Database inconsistencies for scim / saml users between spar, brig?
fisx opened this issue · 1 comments
In rare cases after production availability issues, you may get 409 conflict
responses for creating new users. Searching for those users with curl on brig or on ES will yield no results.
The 409 conflict can have two possible causes:
- SAML NameID (externalId in scim, usually email address); symptom: the error message contains the phrase "externalId is already taken".
- Wire handle (userName in scim); symptom: error message contains the user handle in the reason phrase.

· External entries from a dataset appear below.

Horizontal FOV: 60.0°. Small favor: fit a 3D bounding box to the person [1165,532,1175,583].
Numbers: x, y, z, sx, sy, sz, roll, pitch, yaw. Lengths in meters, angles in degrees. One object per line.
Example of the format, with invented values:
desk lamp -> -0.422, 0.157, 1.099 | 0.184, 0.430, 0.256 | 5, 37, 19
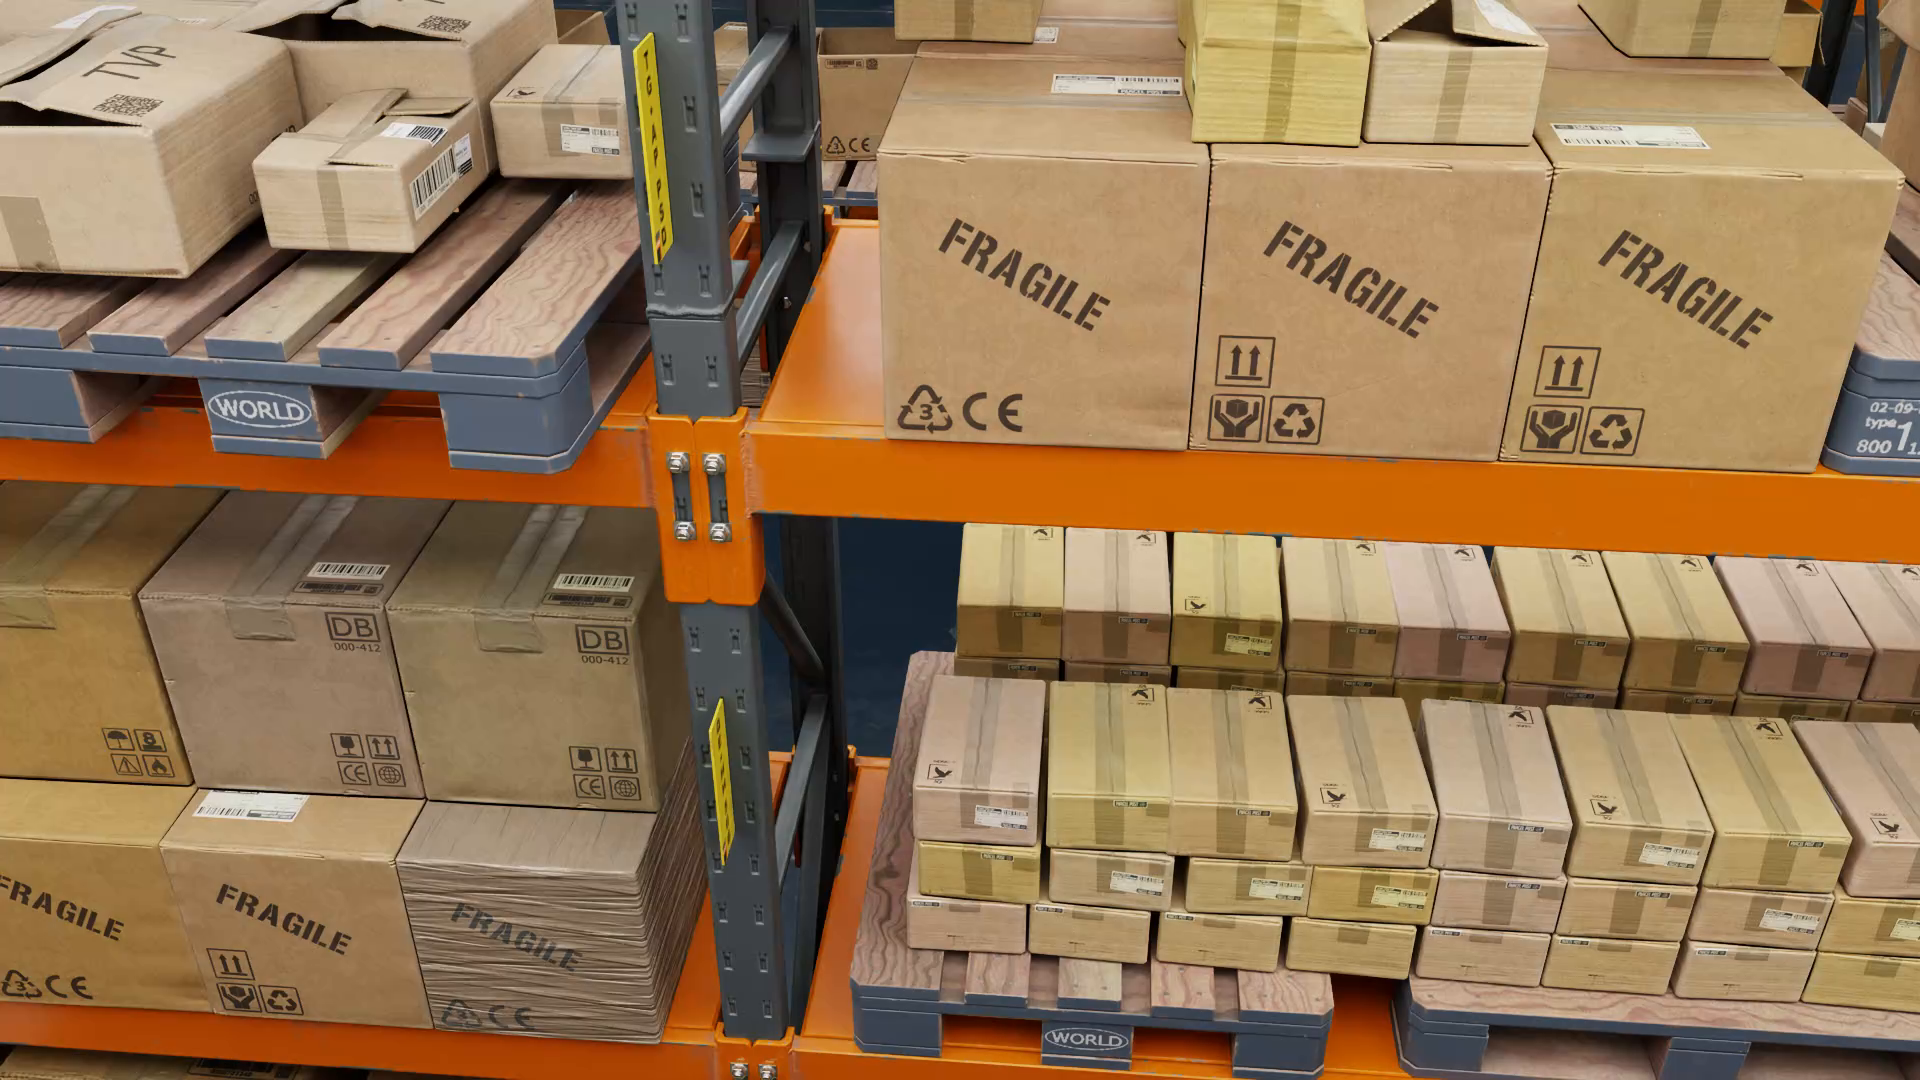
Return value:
person -> 0.875, -0.478, 6.937 | 0.379, 1.773, 0.562 | 3, 32, 5

The first one is more likely. To confirm, talk to spar's cassandra:
$ /opt/cassandra/bin/cqlsh $(hostname -i) | tee table.dump
> select * from spar.user where issuer='<entity id of the IdP>'
Now press <enter>
a few times until you've seen the entire output, then:
$ grep $externaiId table.dump
If this doesn't yield anything, you don't have ruled out case 1.

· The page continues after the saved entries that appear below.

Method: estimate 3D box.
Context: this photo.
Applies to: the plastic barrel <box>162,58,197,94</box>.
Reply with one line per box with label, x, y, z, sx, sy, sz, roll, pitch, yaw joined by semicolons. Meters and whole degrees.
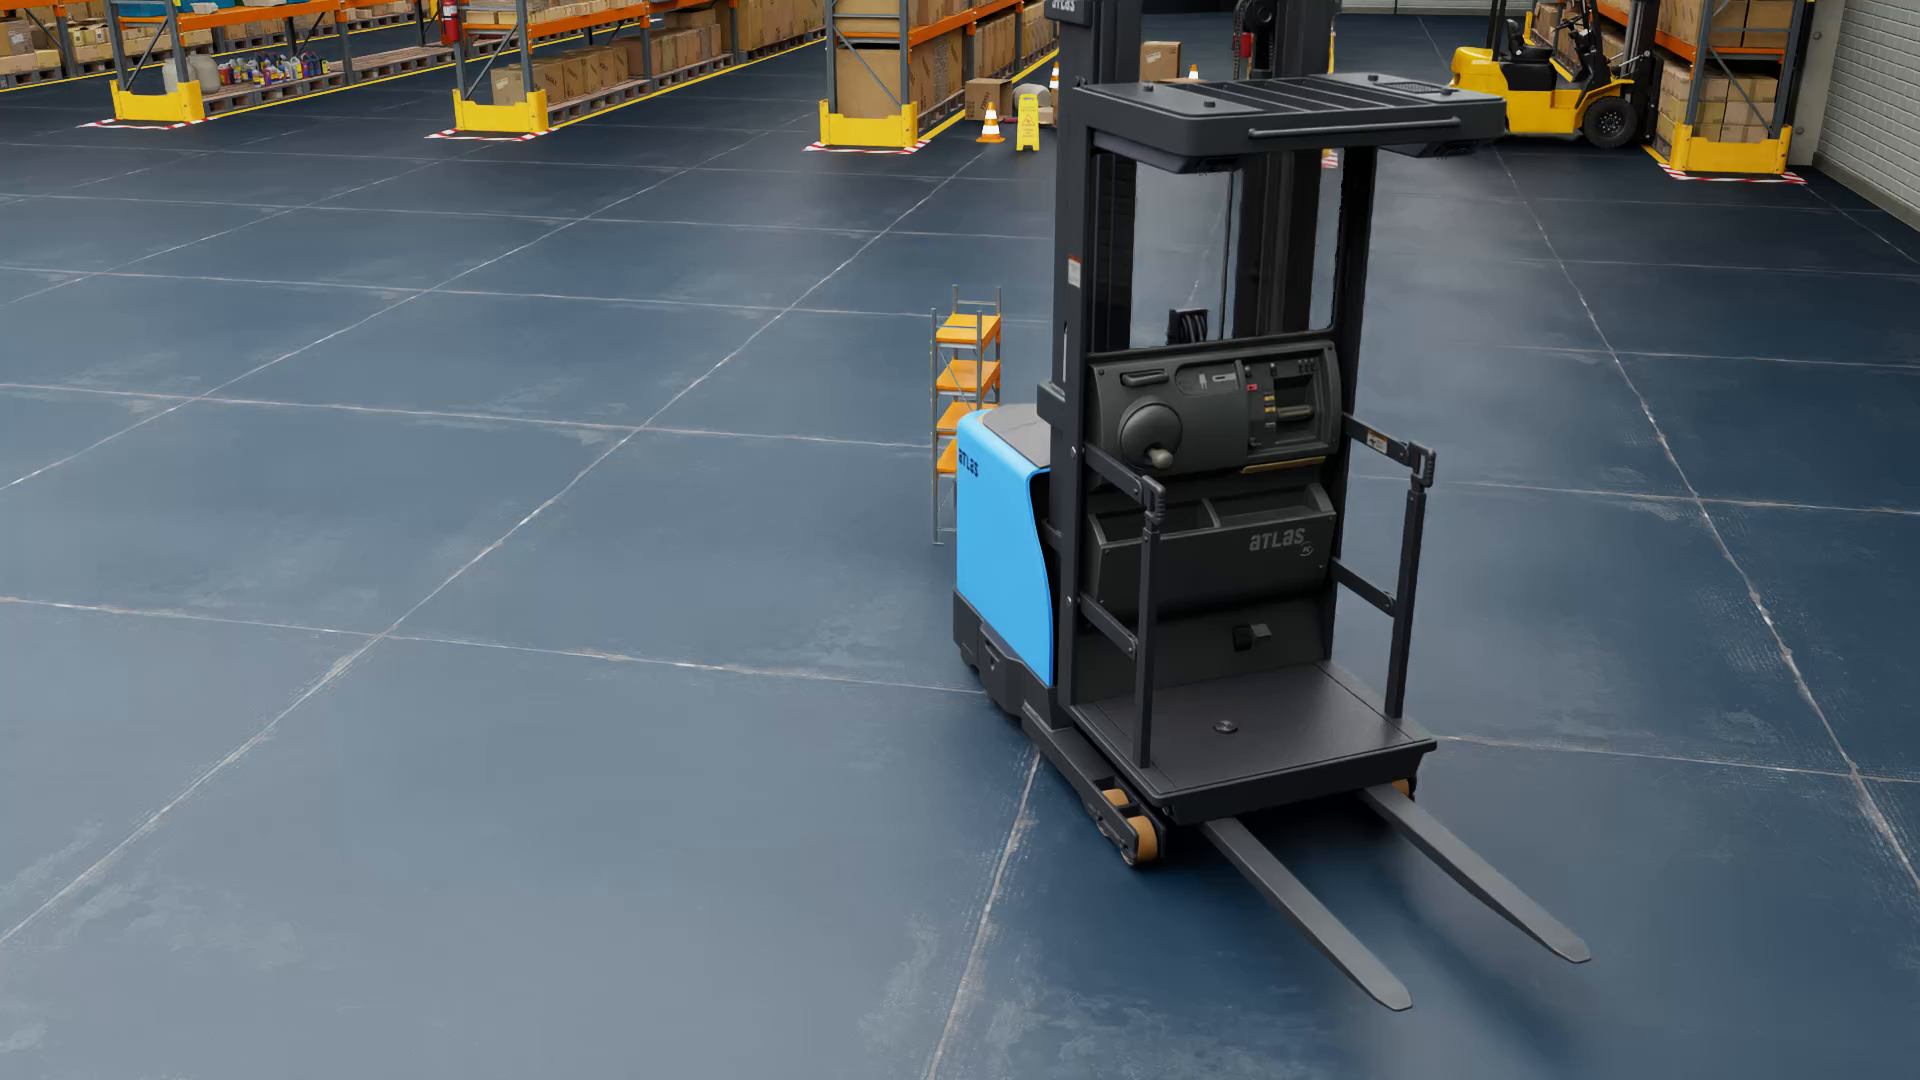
plastic barrel;-10.738;-6.359;22.896;0.421;0.512;0.421;0;22;0

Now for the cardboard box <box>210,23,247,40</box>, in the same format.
cardboard box;-13.641;-9.566;30.847;0.500;0.500;0.500;5;23;13

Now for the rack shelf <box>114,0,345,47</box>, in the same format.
rack shelf;-10.390;-7.469;23.848;1.077;0.370;4.000;4;22;11

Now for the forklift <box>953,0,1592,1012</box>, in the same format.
forklift;0.968;-0.436;5.512;1.130;2.935;3.031;-8;23;-19

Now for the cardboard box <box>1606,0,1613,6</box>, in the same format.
cardboard box;9.710;-7.902;24.159;0.500;0.250;0.500;4;22;9

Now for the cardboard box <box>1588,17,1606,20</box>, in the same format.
cardboard box;10.496;-8.592;27.589;0.380;0.149;0.250;5;22;11

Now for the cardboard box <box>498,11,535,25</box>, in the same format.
cardboard box;-5.657;-6.664;21.220;0.380;0.149;0.250;4;22;11

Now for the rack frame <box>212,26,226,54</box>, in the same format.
rack frame;-14.014;-10.376;30.103;1.000;3.000;0.127;4;22;11

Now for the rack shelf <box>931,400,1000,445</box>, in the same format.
rack shelf;0.034;-0.555;8.305;0.258;0.148;0.480;4;22;11

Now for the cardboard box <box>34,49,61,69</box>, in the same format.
cardboard box;-14.710;-7.647;26.443;0.500;0.250;0.500;4;22;11

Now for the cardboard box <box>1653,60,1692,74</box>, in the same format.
cardboard box;8.704;-5.694;20.257;0.500;0.250;0.500;4;22;10

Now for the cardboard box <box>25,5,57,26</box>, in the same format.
cardboard box;-18.400;-10.529;32.797;0.750;0.750;0.750;4;22;11

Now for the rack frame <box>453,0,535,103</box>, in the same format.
rack frame;-5.949;-6.694;20.960;1.000;3.000;0.127;4;22;11

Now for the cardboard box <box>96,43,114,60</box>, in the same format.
cardboard box;-14.399;-8.148;27.689;0.500;0.250;0.500;5;22;12

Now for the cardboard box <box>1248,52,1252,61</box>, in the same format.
cardboard box;3.670;-5.959;20.381;0.380;0.149;0.250;5;22;12

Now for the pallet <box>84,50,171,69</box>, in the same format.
pallet;-14.471;-8.340;28.779;1.003;0.211;1.213;4;22;11

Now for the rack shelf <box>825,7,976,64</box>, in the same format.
rack shelf;-0.706;-6.677;21.880;1.077;0.370;4.000;4;22;11

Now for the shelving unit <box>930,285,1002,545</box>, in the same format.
shelving unit;0.034;-0.617;8.280;0.258;1.200;0.503;4;22;11

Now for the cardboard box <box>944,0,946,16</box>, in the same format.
cardboard box;-0.677;-7.284;22.224;0.875;0.550;0.550;4;22;11

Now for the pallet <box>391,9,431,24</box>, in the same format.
pallet;-12.558;-11.689;37.095;1.003;0.211;1.213;4;22;11

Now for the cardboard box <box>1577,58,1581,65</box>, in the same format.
cardboard box;10.233;-7.876;26.678;0.500;0.500;0.500;4;22;10

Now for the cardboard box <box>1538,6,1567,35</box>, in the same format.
cardboard box;11.447;-9.922;31.759;0.700;0.500;0.500;5;23;13

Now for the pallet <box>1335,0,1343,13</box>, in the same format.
pallet;4.867;-7.581;23.419;1.003;0.211;1.213;4;22;11

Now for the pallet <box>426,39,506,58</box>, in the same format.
pallet;-9.045;-8.995;30.407;1.003;0.211;1.213;4;22;11

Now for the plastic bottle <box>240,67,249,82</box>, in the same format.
plastic bottle;-10.588;-6.891;24.606;0.097;0.201;0.097;0;22;0

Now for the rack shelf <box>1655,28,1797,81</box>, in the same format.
rack shelf;9.021;-5.959;20.098;1.077;0.370;4.000;4;22;11

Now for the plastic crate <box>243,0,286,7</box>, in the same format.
plastic crate;-10.065;-7.799;24.056;0.530;0.136;0.437;4;22;11

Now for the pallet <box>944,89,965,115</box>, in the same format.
pallet;-0.529;-6.176;23.407;1.003;0.211;1.213;4;22;11

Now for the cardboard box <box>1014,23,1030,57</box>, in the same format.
cardboard box;0.913;-8.479;28.176;0.500;0.500;0.500;4;22;9

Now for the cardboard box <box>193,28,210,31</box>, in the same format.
cardboard box;-13.879;-9.346;29.911;0.500;0.311;0.500;5;22;12

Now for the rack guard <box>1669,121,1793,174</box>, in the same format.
rack guard;8.608;-4.393;18.593;1.175;0.500;0.348;4;22;11

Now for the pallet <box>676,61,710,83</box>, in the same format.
pallet;-4.728;-7.596;26.931;1.003;0.211;1.213;4;22;11

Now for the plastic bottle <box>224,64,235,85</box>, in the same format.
plastic bottle;-10.669;-6.803;24.277;0.061;0.283;0.133;4;22;11

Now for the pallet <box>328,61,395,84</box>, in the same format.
pallet;-9.859;-7.531;26.771;1.003;0.211;1.213;4;22;11

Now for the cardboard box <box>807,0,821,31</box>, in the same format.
cardboard box;-3.287;-10.527;32.759;0.875;0.875;0.875;4;22;11

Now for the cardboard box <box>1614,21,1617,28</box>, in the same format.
cardboard box;10.862;-8.374;27.047;0.380;0.149;0.250;4;22;10

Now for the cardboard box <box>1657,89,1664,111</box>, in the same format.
cardboard box;8.604;-5.288;19.917;0.500;0.250;0.500;4;22;10

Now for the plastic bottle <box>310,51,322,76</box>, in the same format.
plastic bottle;-9.831;-7.252;25.303;0.144;0.351;0.185;4;22;9

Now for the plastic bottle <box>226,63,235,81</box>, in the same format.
plastic bottle;-10.745;-6.858;24.424;0.152;0.276;0.135;4;22;9

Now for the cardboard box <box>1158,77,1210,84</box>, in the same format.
cardboard box;3.018;-5.955;22.467;0.500;0.500;0.500;-16;27;-35

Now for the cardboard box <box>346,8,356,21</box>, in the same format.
cardboard box;-12.900;-10.933;34.495;0.500;0.311;0.500;4;22;11

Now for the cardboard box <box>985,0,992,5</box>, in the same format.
cardboard box;0.175;-8.145;24.428;0.500;0.500;0.500;5;22;11

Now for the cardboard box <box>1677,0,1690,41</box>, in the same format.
cardboard box;8.571;-5.997;19.095;0.500;0.500;0.500;5;23;13

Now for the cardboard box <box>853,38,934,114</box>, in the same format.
cardboard box;-0.863;-6.063;21.675;0.875;0.875;0.875;4;22;10

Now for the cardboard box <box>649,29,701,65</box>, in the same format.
cardboard box;-4.643;-8.006;26.975;0.700;0.500;0.500;6;23;15

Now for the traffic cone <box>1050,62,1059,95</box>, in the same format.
traffic cone;1.454;-6.941;24.967;0.336;0.463;0.334;4;22;11

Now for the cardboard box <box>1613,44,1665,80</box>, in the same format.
cardboard box;9.690;-6.593;23.324;0.875;0.625;0.625;4;22;10

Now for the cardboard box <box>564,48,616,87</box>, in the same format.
cardboard box;-5.363;-6.839;24.103;0.500;0.500;0.500;12;25;28

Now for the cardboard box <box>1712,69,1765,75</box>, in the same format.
cardboard box;8.994;-5.289;19.251;0.500;0.250;0.500;4;22;11

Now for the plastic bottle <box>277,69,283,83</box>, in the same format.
plastic bottle;-10.012;-6.815;24.417;0.097;0.201;0.097;0;22;0

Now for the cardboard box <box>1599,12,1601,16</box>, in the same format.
cardboard box;11.220;-9.033;28.683;0.380;0.149;0.250;4;22;11

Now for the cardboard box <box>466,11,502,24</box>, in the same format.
cardboard box;-6.093;-6.698;21.305;0.380;0.149;0.250;4;22;11

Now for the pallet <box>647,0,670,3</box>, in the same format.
pallet;-4.834;-8.336;25.294;1.003;0.211;1.213;4;22;11

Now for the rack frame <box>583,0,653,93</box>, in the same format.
rack frame;-5.133;-8.157;24.592;1.000;3.000;0.127;4;22;11

If it does yield one line, you have a user id. If that user doesn't exist in brig, you have confirmed 1.
Work-around:
delete * from spar.user where issuer='<what you entered above>' and sso_id='<what you found above>'
Fix: coming up!
New data point on the context in which 409 conflict
was received:
- send a few scim user search and post requests
- see brig exhaust its cpu and become unresponsive
- phantom appears
I don't know how to explain this, it seems these events should result in a user record on brig, but not on spar, and not vice versa.